American Pearl Group v. National Payment Systems establishes a clear and consequential rule for Texas usury law:

When Section 306.004(a) requires interest to be computed “by amortizing or spreading, using the actuarial method,” and the loan provides for periodic principal reductions, courts must calculate maximum permissible interest on the declining principal balance in each payment period, not on the original principal amount spread equally across the entire term.

This holding:

  • Marks a definitive departure from the old “equal parts” computation under the 1975 statute in the context of amortizing loans;
  • Aligns Texas with the standard actuarial method used in federal and other state law;
  • Requires lenders to calibrate usury compliance more precisely to actual amortization schedules;
  • Reinforces the Court’s commitment to textualism and to giving full effect to deliberate statutory language changes.

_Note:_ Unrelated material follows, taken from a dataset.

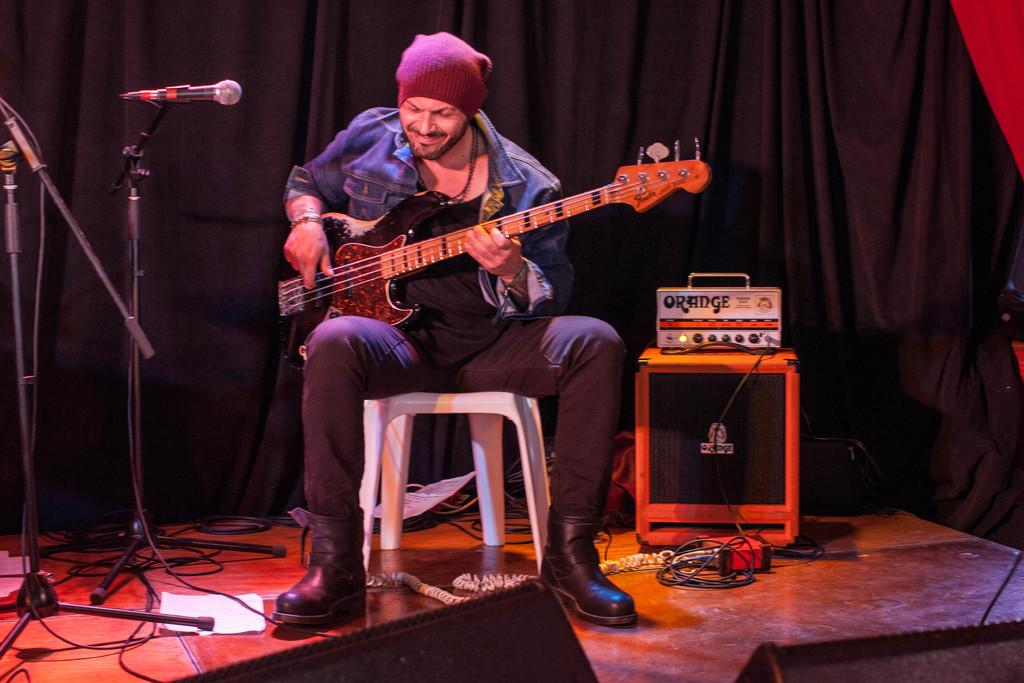What is the person in the image holding? The person is holding a guitar in the image. What can be seen to the left of the person? There is a microphone to the left of the person. What is located to the right of the person? There is a sound box to the right of the person. What type of material is visible in the background of the image? There is a cloth visible in the background of the image. How does the person in the image push the cap off their head? There is no cap present in the image, so it is not possible to answer that question.

For practitioners, the opinion is a reminder that in usury analysis, as in statutory construction more broadly, words matter. The Legislature’s choice to replace “equal parts” with “actuarial method” fundamentally alters the permissible structure of commercial interest charges in Texas, particularly for loans that amortize principal. Going forward, lenders and borrowers alike must account for this clarified computational framework when structuring, litigating, and evaluating commercial loan agreements under Texas law.